My first paints set I got from hobby lobby in Sacramento were around $5 for 2oz. I happened to be walking thru Walmart today and noticed this huge section of .50 cent 2oz acrylic paint that is water soluble. The brand is called apple barrel. You can find a bunch of threads around and on RC groups.I got every color I ever wanted aND some ammonia free windex for less than $20.


----------



## djnick66 (May 2, 2008)

I personally find that stuff to be largely useless but that is just my opinion of it. I have tried some Apple Barrel, Plaid, etc. paints and just found that for modeling they are not as good as good quality model paints. For one, they do not adhere well to bare plastic, and can flake or rub off easily. Coverage by brush is usually pretty poor too. I thinned down a brown for airbrushing, and it was mediocre compared to say Tamiya's solvent based acrylics. I do use these for things like groundcover on dioramas that is usually porous and absorbs a lot of paint. There has been a lot of discussion of the merits (or lack of) of these paints in the general modelling group here too.


----------



## debrartin (Mar 19, 2015)

Jacobiv said:


> My first paints set I got from hobby lobby in Sacramento were around $5 for 2oz. I happened to be walking thru Walmart today and noticed this huge section of .50 cent 2oz acrylic paint that is water soluble. The brand is called apple barrel. You can find a bunch of threads around and on RC groups.I got every color I ever wanted aND some ammonia free windex for less than $20.

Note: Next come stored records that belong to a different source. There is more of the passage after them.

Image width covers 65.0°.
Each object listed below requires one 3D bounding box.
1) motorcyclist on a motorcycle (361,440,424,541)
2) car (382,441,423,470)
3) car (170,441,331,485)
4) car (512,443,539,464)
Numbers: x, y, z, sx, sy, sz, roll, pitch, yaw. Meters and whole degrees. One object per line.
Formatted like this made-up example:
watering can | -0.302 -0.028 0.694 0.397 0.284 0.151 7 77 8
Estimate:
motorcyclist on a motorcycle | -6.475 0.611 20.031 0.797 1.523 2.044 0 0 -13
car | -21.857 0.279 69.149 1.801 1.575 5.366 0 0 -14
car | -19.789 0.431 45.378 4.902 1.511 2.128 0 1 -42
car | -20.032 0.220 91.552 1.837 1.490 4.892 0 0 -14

 I have used apple barrel paints from walmart and acrylic craft paint and best acrylic brushes from artist supply source through an airbrush to paint planes made out of dollar tree foam with good results. Always seal the plane with minwax first unless you want the paper to get ruined and peel off! You do have to thin the paint alot with windex. About 50/50 but it will also depend on the airbrush being used and the pressure you are running it at. It also dries very fast after you spray it down. Clean out your airbrush immediately after spraying it or it will get clogged and be more difficult to clean.


----------



## MightyMax (Jan 21, 2000)

Thin it with Future and it airbrushes phenomenally and becomes very durable.
Max Bryant


----------



## Faust (Dec 1, 2012)

MightyMax said:


> Thin it with Future and it airbrushes phenomenally and becomes very durable.
> Max Bryant


That's true for everything.

I use a mix of 1/3 Future : 2/3 Isopropyl alcohol (99%) as my airbrush thinner. It's the only way, I've found, to airbrush Model Master Acrylics, and it's a cheap thinner!

Adding Future to a thinner will make any paint or finish extremely hard and durable, not to mention that the gloss it imparts is good for decalling.

HOWEVER: you do have to make sure the paint is quite dry before coating or sealing it. Future takes a while to dry, and if you can smell it, it's not quite there. 

I use a dehydrator to 'force' the drying much faster; Future does well under heat, but can absorb A LOT of heat, becoming too hot to handle, actually. I never expose something Futured or Future-based to more than 47°C (that's about 117°F).

There's my two cents!


----------